Using repoze.who without Middleware

An application which does not use the repoze.who middleware needs to perform two separate tasks to use repoze.who machinery:

  • At application startup, it must create an repoze.who.api:APIFactory instance, populating it with a request classifier, a challenge decider, and a set of plugins. It can do this process imperatively (see Configuring repoze.who via Python Code), or using a declarative configuration file (see Configuring repoze.who via Config File). For the latter case, there is a convenience function, repoze.who.config.make_api_factory_with_config():
# myapp/run.py
from repoze.who.config import make_api_factory_with_config
who_api_factory = None
def startup(global_conf):
    global who_api_factory
    who_api_factory = make_api_factory_with_config(global_conf,
                                                   '/path/to/who.config')
  • When it needs to use the API, it must call the APIFactory, passing the WSGI environment to it. The APIFactory returns an object implementing the repoze.who.interfaces:IRepozeWhoAPI interface.
# myapp/views.py
from myapp.run import who_api_factory
def my_view(context, request):
    who_api = who_api_factory(request.environ)
  • Calling the APIFactory multiple times within the same request is allowed, and should be very cheap (the API object is cached in the request environment).

Mixed Use of repoze.who Middleware and API

An application which uses the repoze.who middleware may still need to interact directly with the IRepozeWhoAPI object for some purposes. In such cases, it should call repoze.who.api:get_api(), passing the WSGI environment.
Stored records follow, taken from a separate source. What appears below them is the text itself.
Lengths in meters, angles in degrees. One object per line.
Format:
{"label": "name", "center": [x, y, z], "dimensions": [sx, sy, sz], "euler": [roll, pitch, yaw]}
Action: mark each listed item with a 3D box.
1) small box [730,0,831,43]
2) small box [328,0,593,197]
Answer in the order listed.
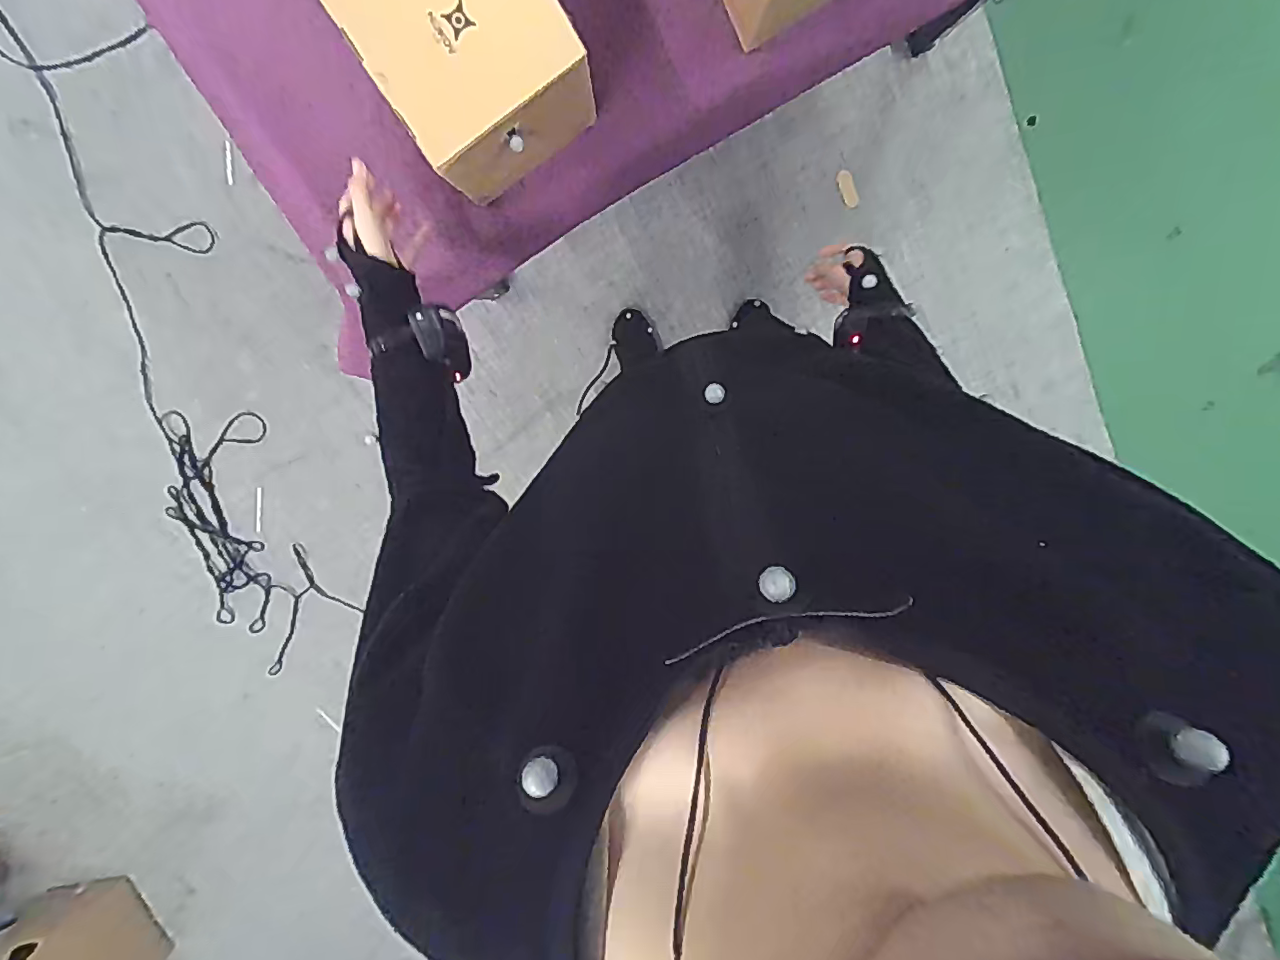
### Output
{"label": "small box", "center": [0.160, -0.573, 0.512], "dimensions": [0.179, 0.176, 0.168], "euler": [-27, 106, 7]}
{"label": "small box", "center": [-0.161, -0.426, 0.555], "dimensions": [0.179, 0.176, 0.168], "euler": [-32, 105, 9]}
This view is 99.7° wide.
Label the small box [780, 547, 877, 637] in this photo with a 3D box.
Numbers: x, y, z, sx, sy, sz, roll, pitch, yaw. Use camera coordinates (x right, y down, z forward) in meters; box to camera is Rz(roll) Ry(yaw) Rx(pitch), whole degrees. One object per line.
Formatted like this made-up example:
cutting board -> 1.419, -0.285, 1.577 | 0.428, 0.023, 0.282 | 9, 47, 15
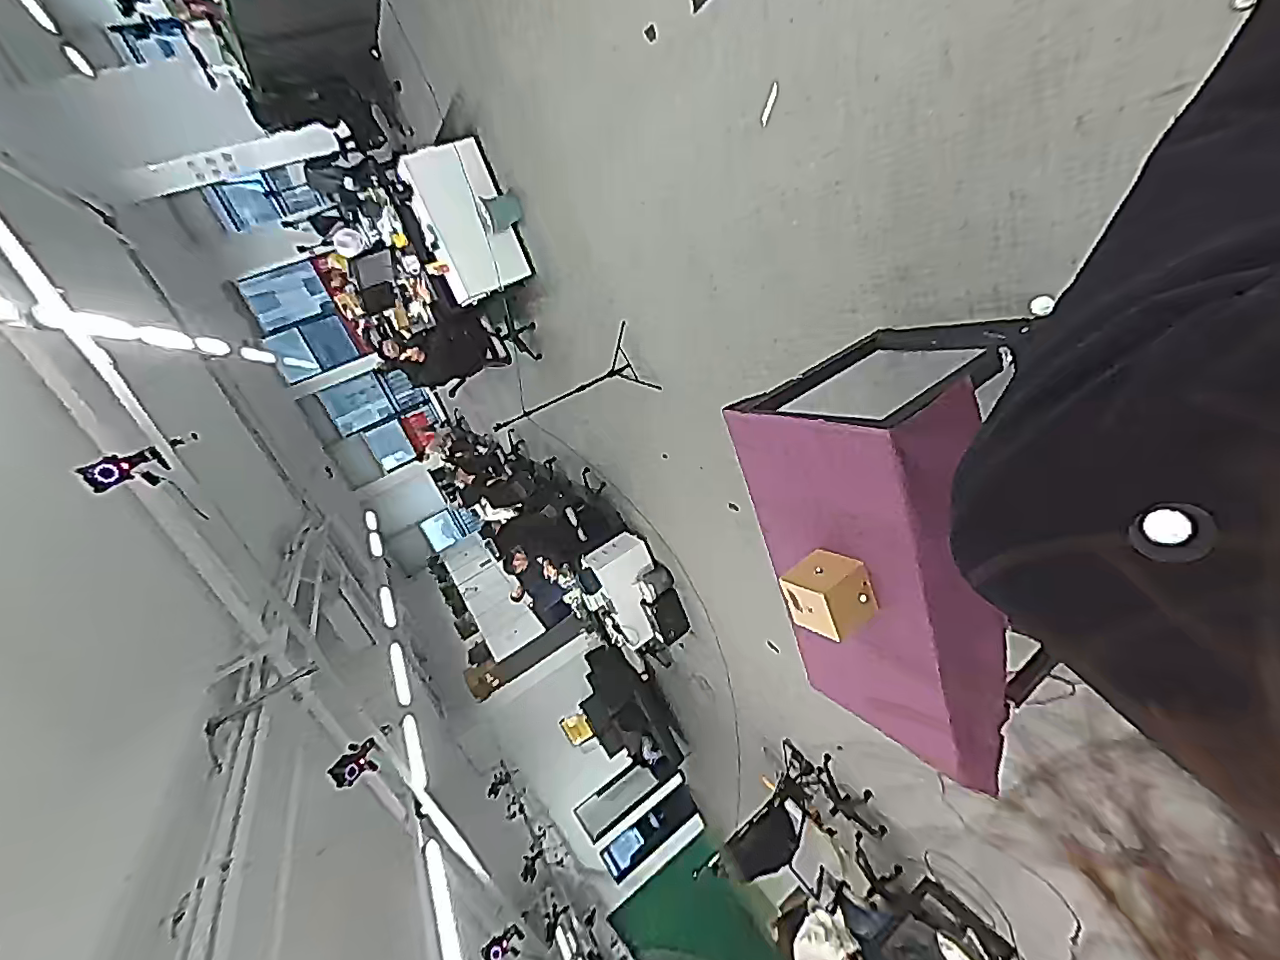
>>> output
small box -> 0.543, 0.313, 1.557 | 0.179, 0.176, 0.168 | 11, 129, 62

from repoze.who.api import get_api
def my_view(context, request):
    who_api = get_api(request.environ)

Alternately, the application might configure the APIFactory at startup, as above, and then use it to find the API object, or create it if it was not already created for the current request (e.g. perhaps by the middleware):

def my_view(context, request):
    who_api = context.who_api_factory(request.environ)

Writing a Custom Login View

repoze.who.api.API provides a helper method to assist developers who want to control the details of the login view. The following BFG example illustrates how this API might be used:

 1
 2
 3
 4
 5
 6
 7
 8
 9
10
11
12
13
14
15
16
17
18
19
20
21
22
 def login_view(context, request):
     message = ''

     who_api = get_api(request.environ)
     if 'form.login' in request.POST:
         creds = {}
         creds['login'] = request.POST['login']
         creds['password'] = request.POST['password']
         authenticated, headers = who_api.login(creds)
         if authenticated:
             return HTTPFound(location='/', headers=headers)

         message = 'Invalid login.'
     else:
         # Forcefully forget any existing credentials.
         _, headers = who_api.login({})

     request.response_headerlist = headers
     if 'REMOTE_USER' in request.environ:
         del request.environ['REMOTE_USER']

     return {'message': message}

This application is written as a “hybrid”: the repoze.who middleware injects the API object into the WSGI enviornment on each request.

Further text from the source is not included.